Crowley closed his eyes and exhaled, “I know that. But I…I like him okay. I know it’s dumb and probably going to blow up in my face. But we’ve been talking about everything for years, and this last week has been really shitty, and the weeks before that weren’t exactly great either. Talking to him was the highlight of every day.”

Bea shook her head, “Wow, you’ve got it bad huh?” They let go of his face and petted his hair gently. “What about Aziraphale?”

Crowley looked confused, “What about him?”

Bea looked at him incredulously, “Come on dude, really? Your crush on that man is a mile wide.”

“My-” Crowley gaped at them, “What?”

“The pair of you are like school kids elbowing each other in assembly because you haven’t figured out how to express your stupid feelings yet.”

“I have a professional respect for him!”

“You travelled from Twickenham to SoHo on a rugby weekend to return his scarf.”

“I didn’t know it was rugby until I’d already left!”

They looked at him, eyebrows raised, “Not the point I was making.”

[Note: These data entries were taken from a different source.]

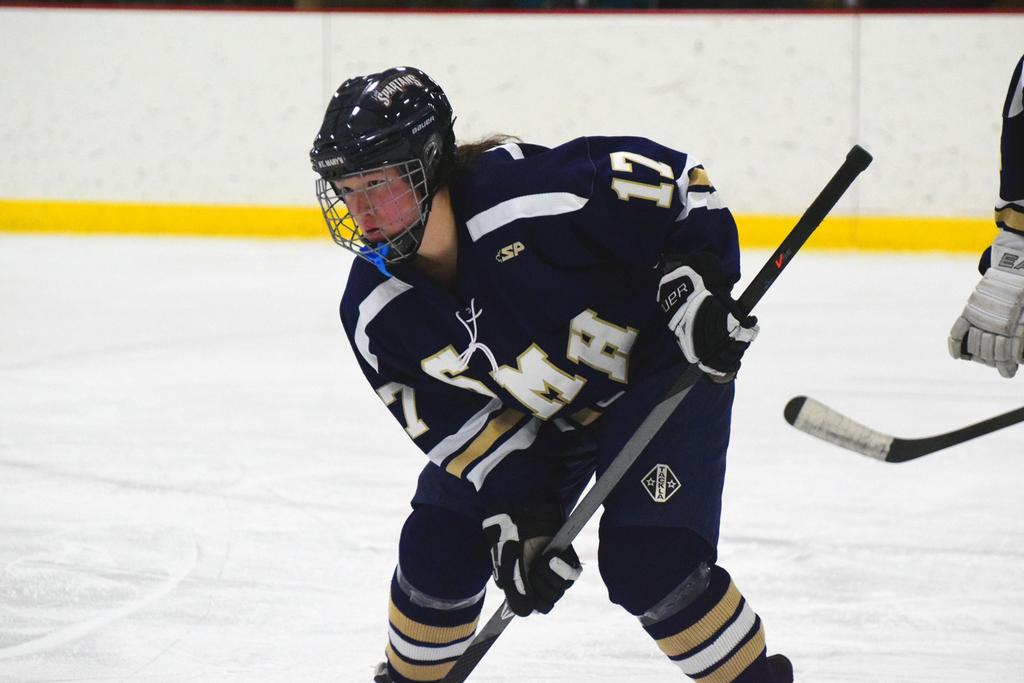Who is present in the image? There is a man in the image. What is the man wearing on his head? The man is wearing a helmet. What is the man wearing on his hands? The man is wearing gloves. What is the man holding in the image? The man is holding a stick. Can you describe the person in the background of the image? There is a person in the background of the image. What type of advertisement is the man teaching in the image? There is no advertisement or teaching activity present in the image. The man is simply wearing a helmet, gloves, and holding a stick. 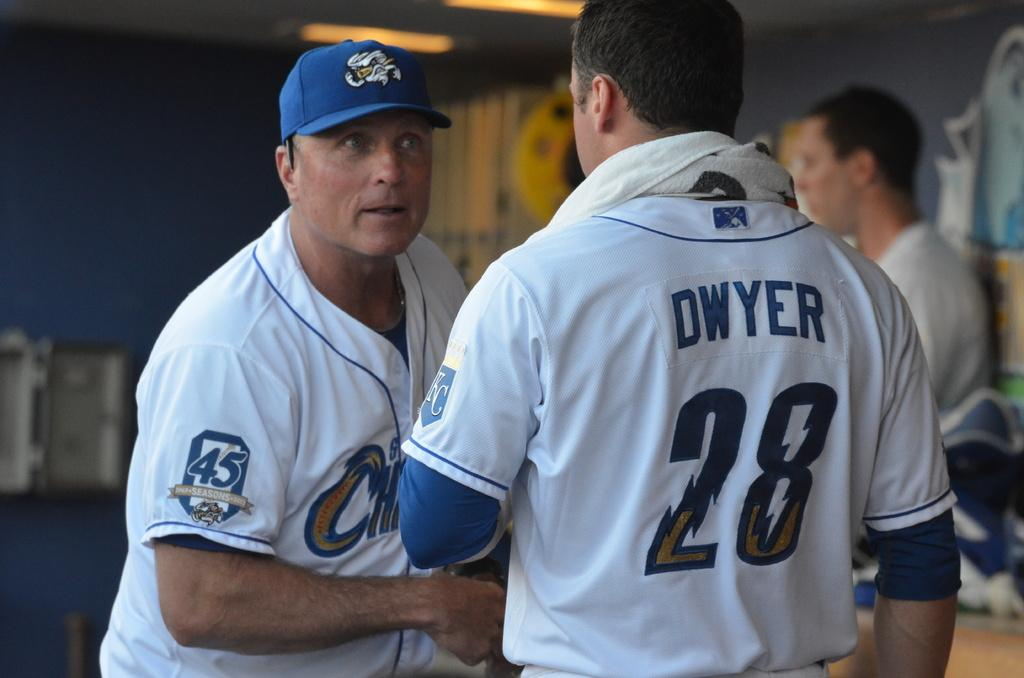<image>
Share a concise interpretation of the image provided. ballplayer talking to another player, #28 dwyer with another player in the background 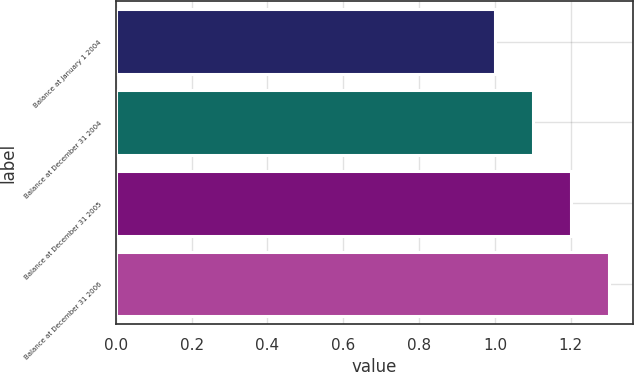Convert chart to OTSL. <chart><loc_0><loc_0><loc_500><loc_500><bar_chart><fcel>Balance at January 1 2004<fcel>Balance at December 31 2004<fcel>Balance at December 31 2005<fcel>Balance at December 31 2006<nl><fcel>1<fcel>1.1<fcel>1.2<fcel>1.3<nl></chart> 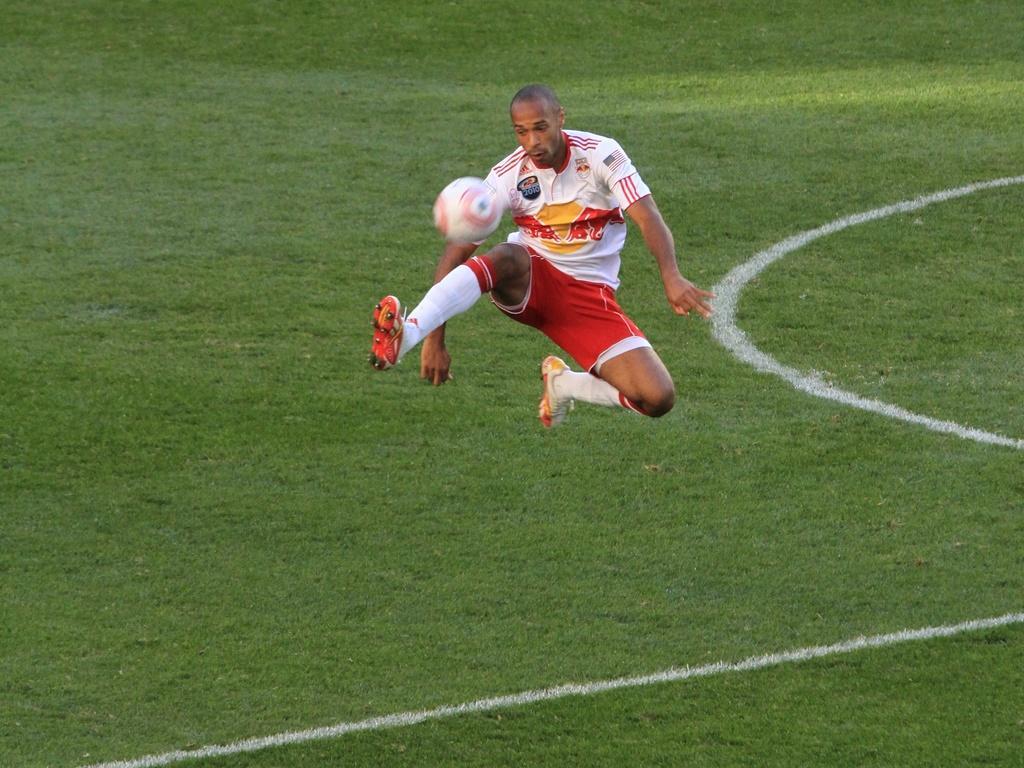Can you describe this image briefly? In this image we can see a person wearing white T-shirt, socks and shoes is in the air, also the ball is in the air. Here we can see the ground. 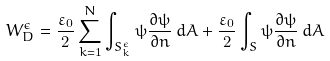<formula> <loc_0><loc_0><loc_500><loc_500>W _ { D } ^ { \epsilon } = \frac { \varepsilon _ { 0 } } { 2 } \sum _ { k = 1 } ^ { N } \int _ { S _ { k } ^ { \epsilon } } \psi \frac { \partial \psi } { \partial { n } } \, d { A } + \frac { \varepsilon _ { 0 } } { 2 } \int _ { S } \psi \frac { \partial \psi } { \partial { n } } \, d { A }</formula> 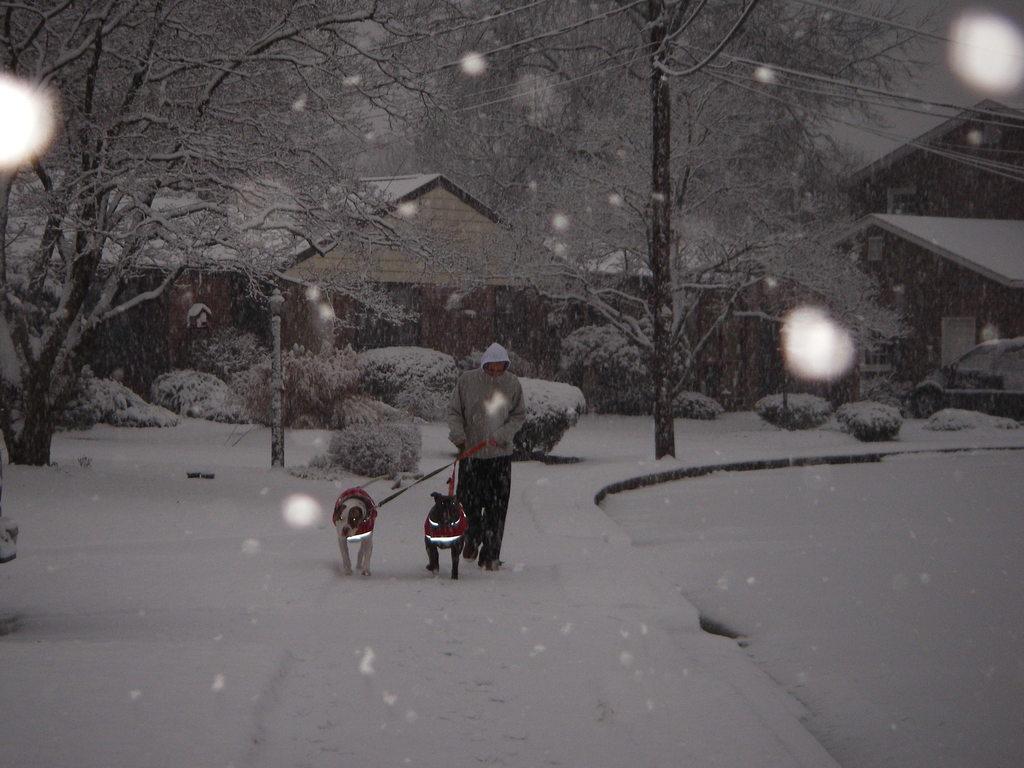In one or two sentences, can you explain what this image depicts? In this picture we can see a person and two dogs walking on snow and in the background we can see trees, houses, car. 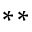<formula> <loc_0><loc_0><loc_500><loc_500>^ { * * }</formula> 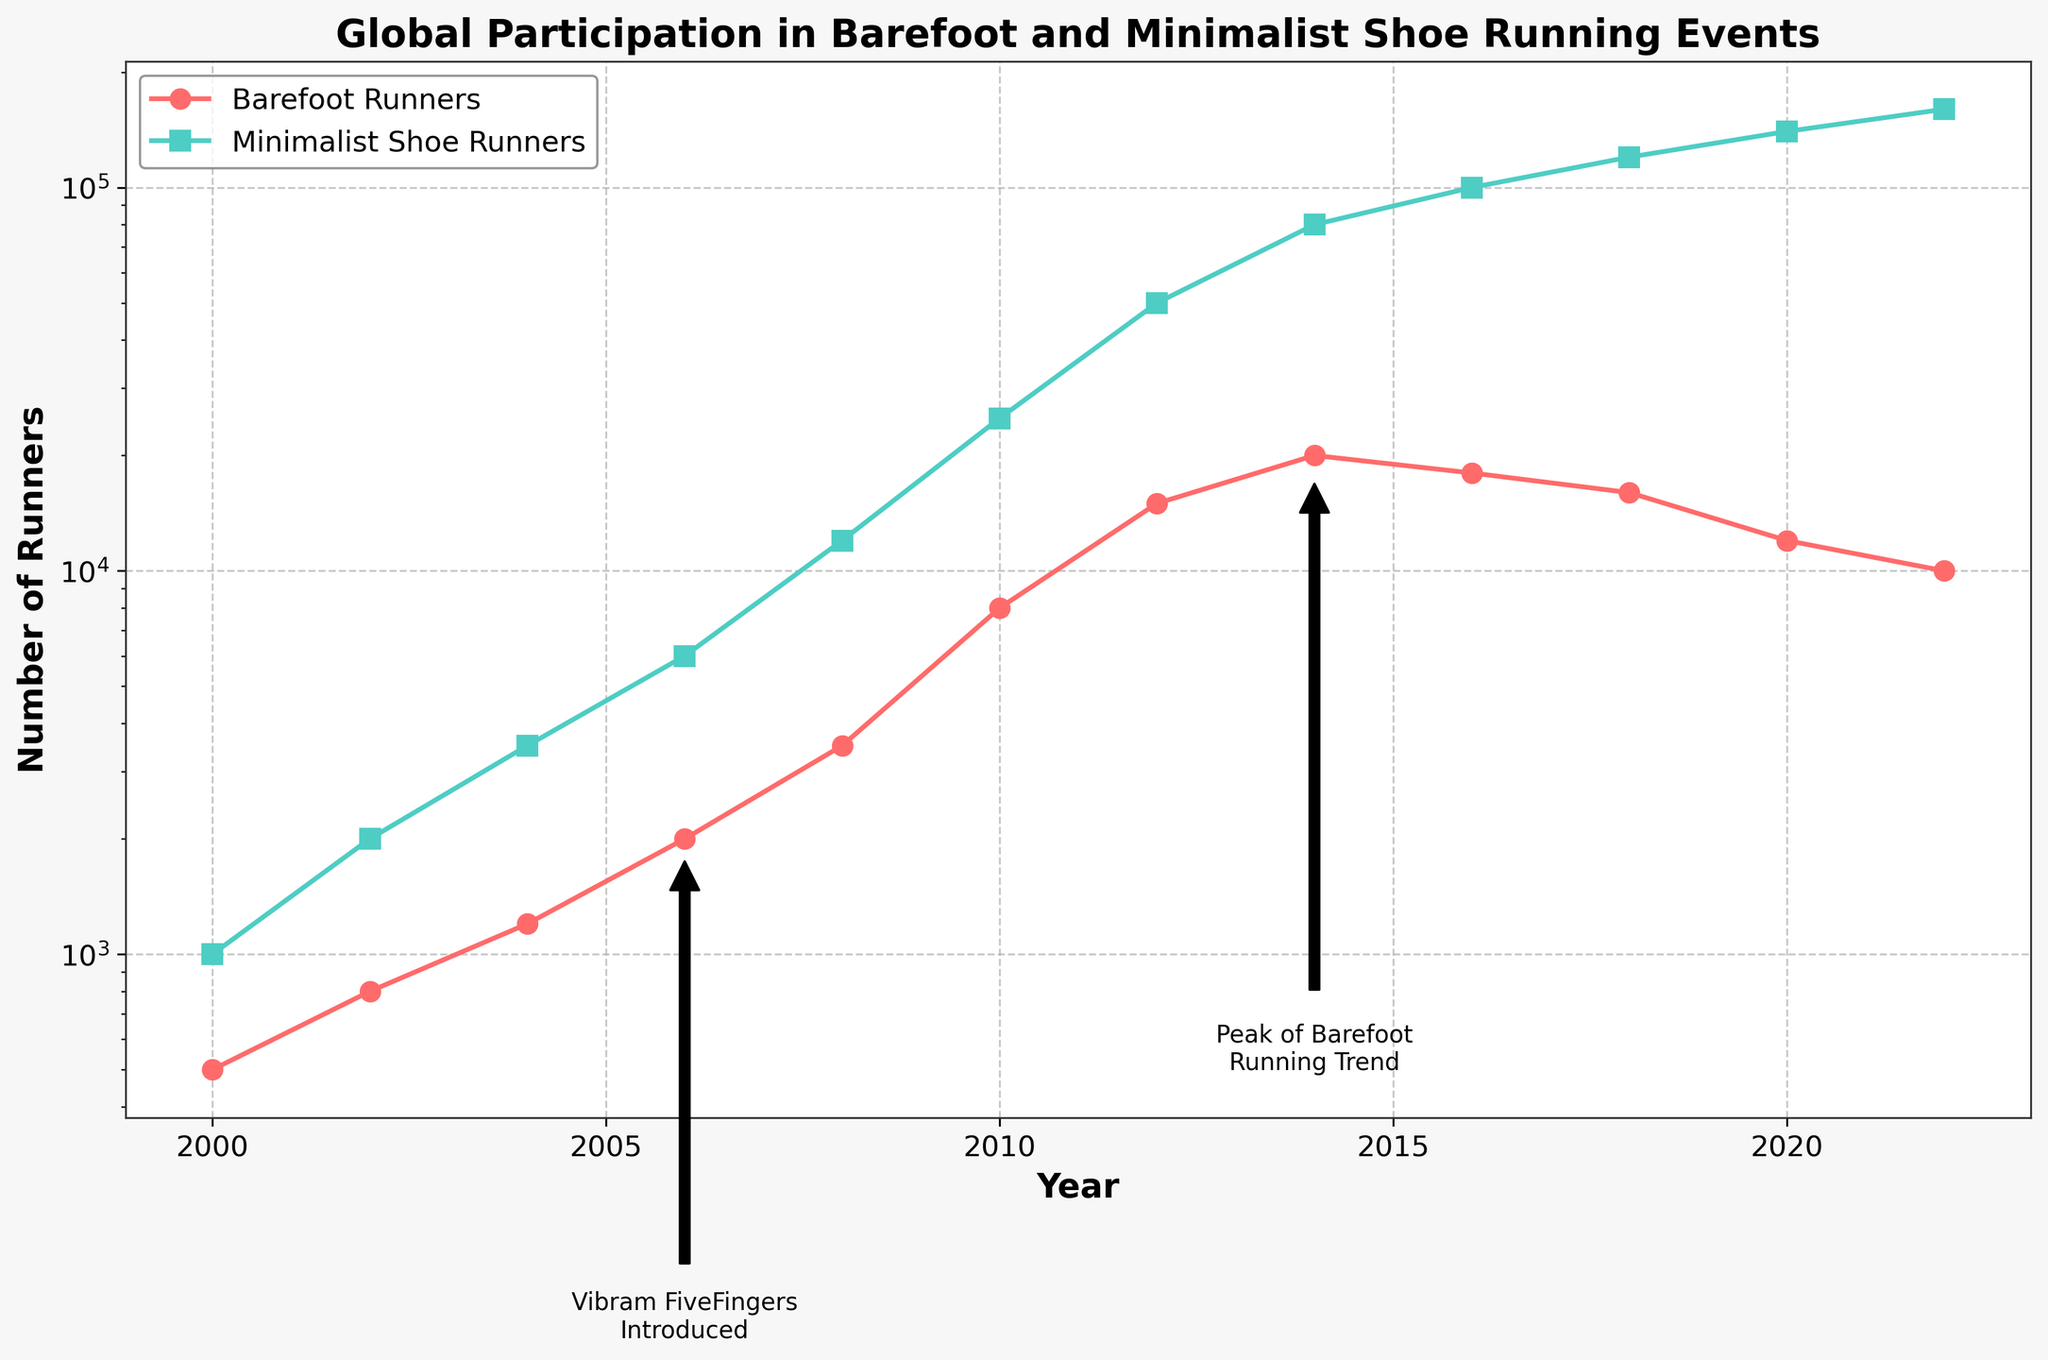What year did barefoot runners peak? The figure shows an annotation "Peak of Barefoot Running Trend" at the year 2014, which indicates the peak number of barefoot runners at 20,000.
Answer: 2014 What was the total number of participants in 2016? To find this, you need to refer to the "Total Participants" line for the year 2016, which indicates 118,000.
Answer: 118,000 Between which years did barefoot running see the largest increase? Compare the year-on-year increase for barefoot runners between each pair of consecutive years. The largest increase is from 2008 to 2010, from 3,500 to 8,000, which is an increase of 4,500.
Answer: 2008-2010 In 2010, were there more barefoot runners or minimalist shoe runners? Look at the values in 2010 for both categories. Minimalist shoe runners had 25,000 participants whereas barefoot runners had 8,000 participants.
Answer: Minimalist shoe runners How does the trend of barefoot runners compare to minimalist shoe runners from 2000 to 2022? The number of minimalist shoe runners increased more consistently and drastically than barefoot runners, peaking at 160,000 in 2022, whereas barefoot runners peaked in 2014 and then declined.
Answer: Minimalist shoe runners show a more consistent and larger increase than barefoot runners What two annotations are displayed in the figure, and what events do they highlight? The figure has annotations for "Vibram FiveFingers Introduced" in 2006 and "Peak of Barefoot Running Trend" in 2014. These mark the year Vibram FiveFingers were introduced and the peak trend year for barefoot running.
Answer: Vibram FiveFingers Introduced and Peak of Barefoot Running Trend Which color represents the minimalist shoe runners in the chart? The figure uses visual attributes, showing minimalist shoe runners displayed with a green line.
Answer: Green How does the number of barefoot runners in 2022 compare to 2000? The number of barefoot runners in 2022 is 10,000, whereas it was 500 in 2000, indicating a significant increase by 9,500 runners.
Answer: 10,000 versus 500 If you average the number of barefoot runners from 2000 to 2022, what is the result? Calculate the sum of barefoot runners over all years (500 + 800 + 1200 + 2000 + 3500 + 8000 + 15000 + 20000 + 18000 + 16000 + 12000 + 10000 = 110000) and divide by the number of years (12). The average is 110000/12 = 9166.67.
Answer: 9166.67 Between 2018 and 2020, did the number of barefoot runners or minimalist shoe runners decrease more significantly? The number of barefoot runners decreased from 16,000 to 12,000, a decrease of 4,000. Minimalist shoe runners increased during the same period.
Answer: Barefoot runners 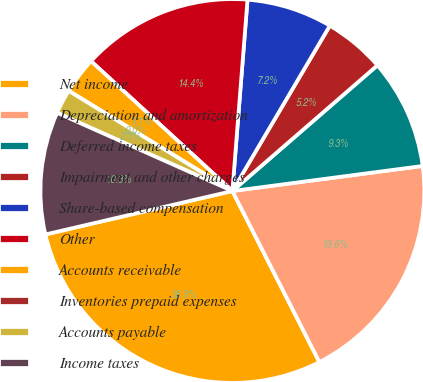Convert chart to OTSL. <chart><loc_0><loc_0><loc_500><loc_500><pie_chart><fcel>Net income<fcel>Depreciation and amortization<fcel>Deferred income taxes<fcel>Impairment and other charges<fcel>Share-based compensation<fcel>Other<fcel>Accounts receivable<fcel>Inventories prepaid expenses<fcel>Accounts payable<fcel>Income taxes<nl><fcel>28.86%<fcel>19.59%<fcel>9.28%<fcel>5.16%<fcel>7.22%<fcel>14.43%<fcel>3.09%<fcel>0.0%<fcel>2.06%<fcel>10.31%<nl></chart> 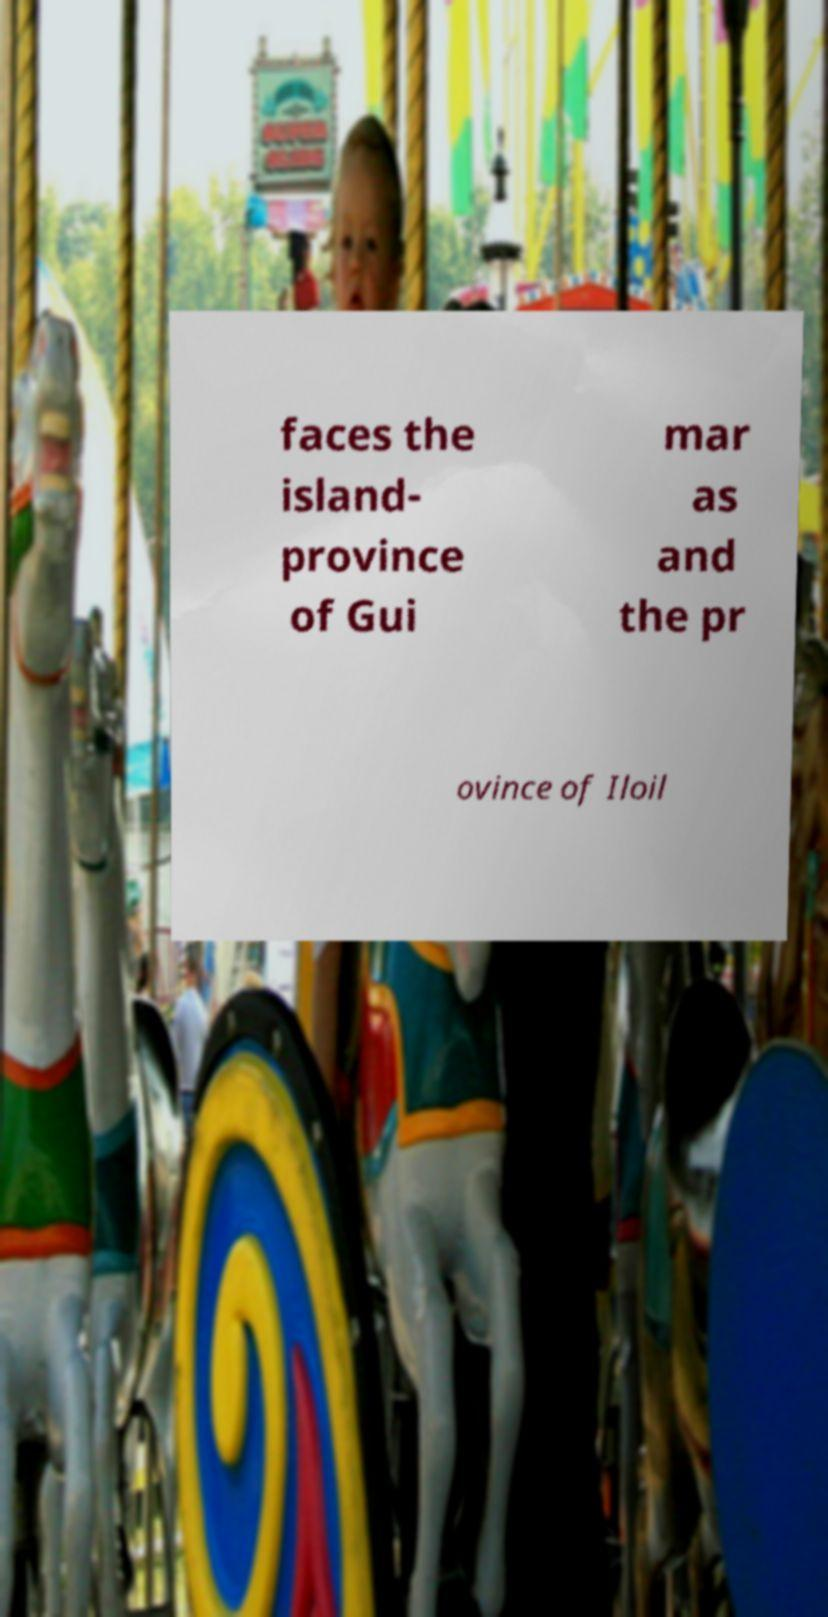For documentation purposes, I need the text within this image transcribed. Could you provide that? faces the island- province of Gui mar as and the pr ovince of Iloil

Crowley sputtered for a few minutes before falling silent, “Whatever, even if I did like him it’s not like he’s ever going to feel anything more for me than professional civility.”

“Fine line between love and hate.” They said, patting his shoulder and leaving the office, the door wide open behind them.

Crowley stared out at them for a while, that was exactly what he’d typed out to Angel. Odd that it would be directed at him now. 



Aziraphale stood outside the restaurant Crowley had led them to and looked at it dubiously. It was down a side street and away from the main hustle and bustle of Covent Garden. Tucked under residential flats the exterior was tiled with distressed signage naming it ‘Souk’ and a solid metal front door. It looked odd sandwiched between some sort of talent agency and the back end of The Ivy. It was in no way, shape, or form anywhere Aziraphale would have ever gone — in fact he was eyeing up the windows at the end of the street that looked into The Ivy and wondering whether it would be rude to suggest a change of plans.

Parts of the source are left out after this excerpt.